ACTIVITY:
Determine how many lines in the entries contain the word "block", and give that number with no other text.

GIVEN DATA:
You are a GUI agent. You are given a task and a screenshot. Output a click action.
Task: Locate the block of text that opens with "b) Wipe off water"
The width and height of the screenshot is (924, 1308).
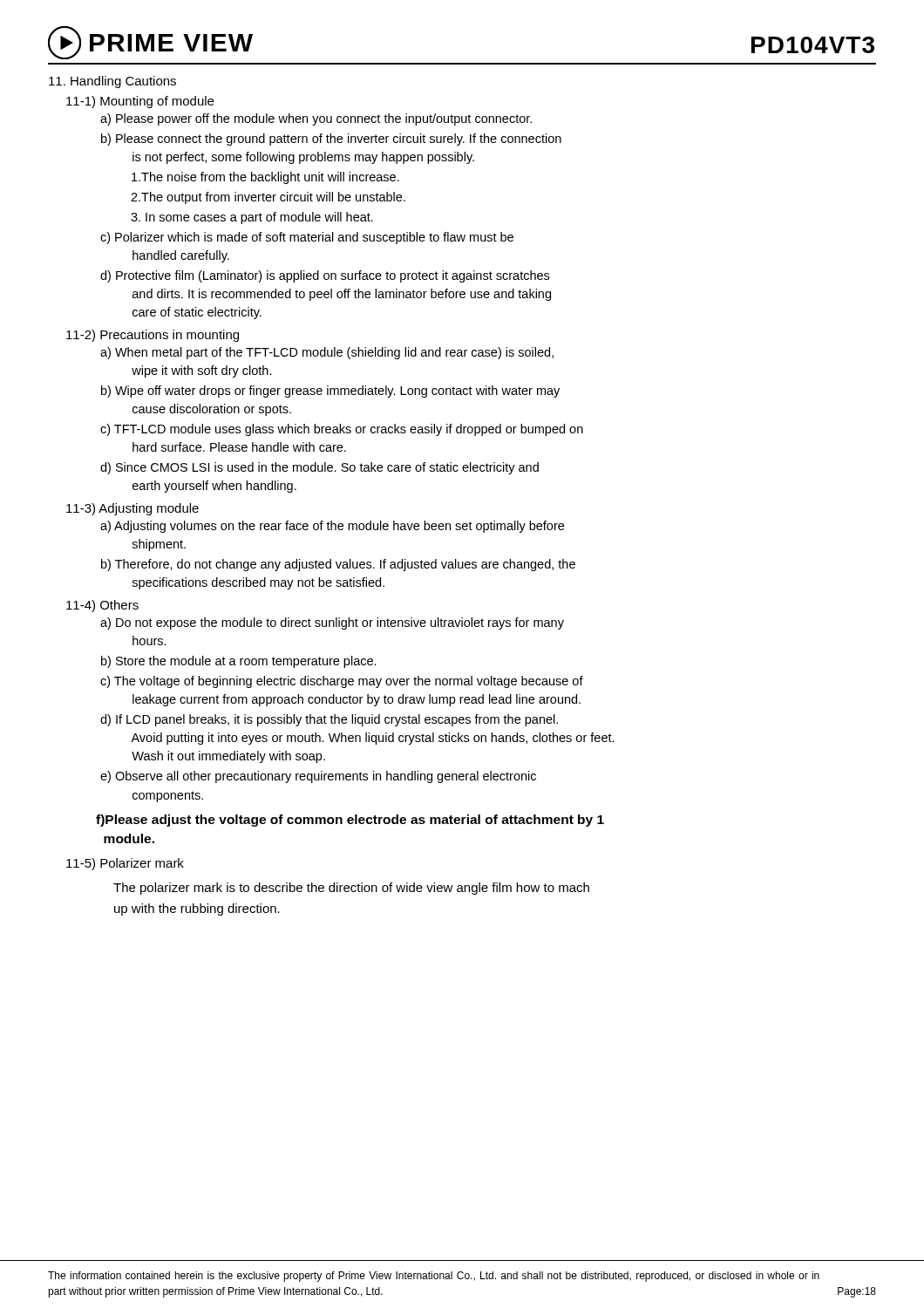pyautogui.click(x=330, y=400)
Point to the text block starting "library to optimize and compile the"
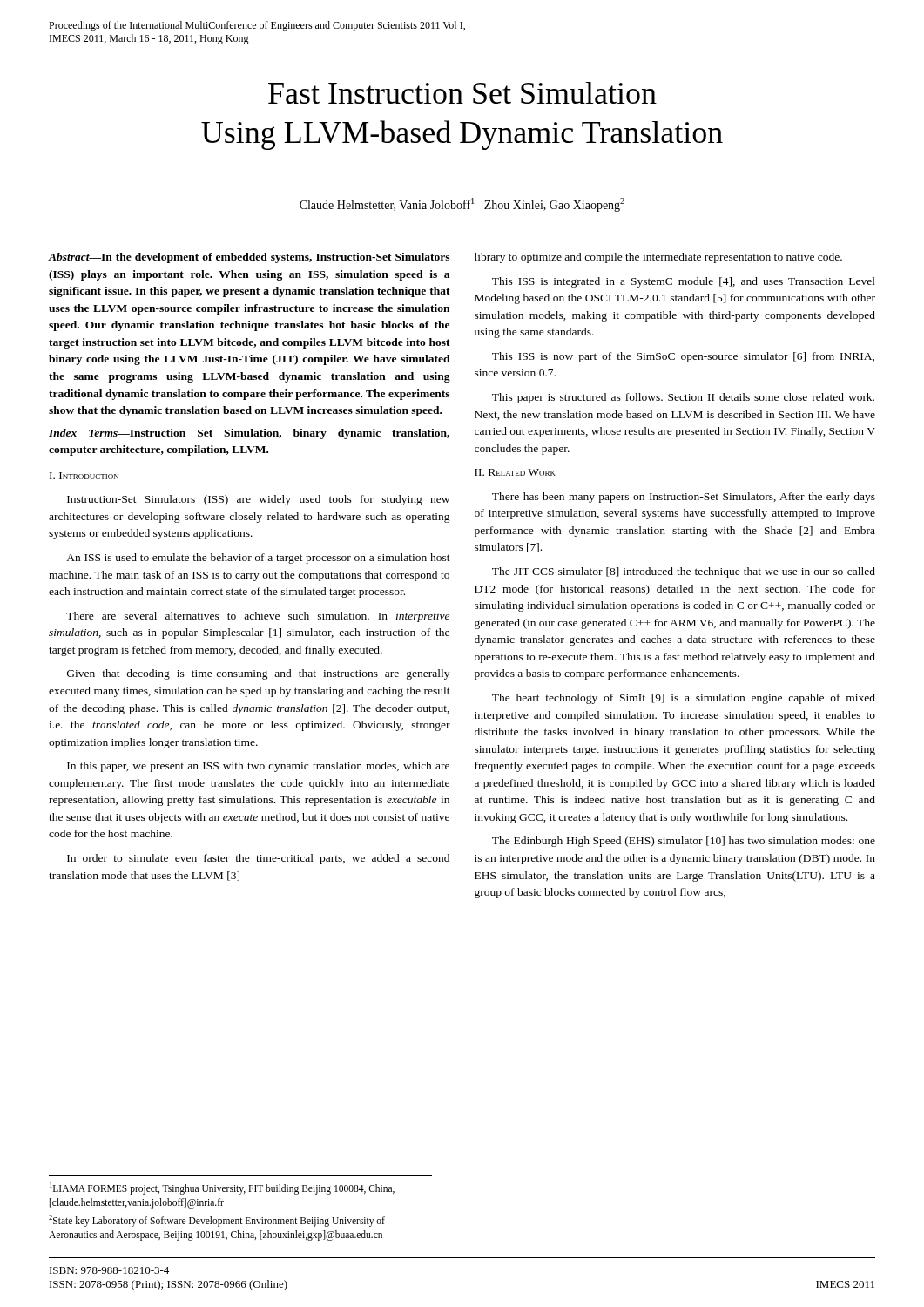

WRITTEN SOLUTION:
2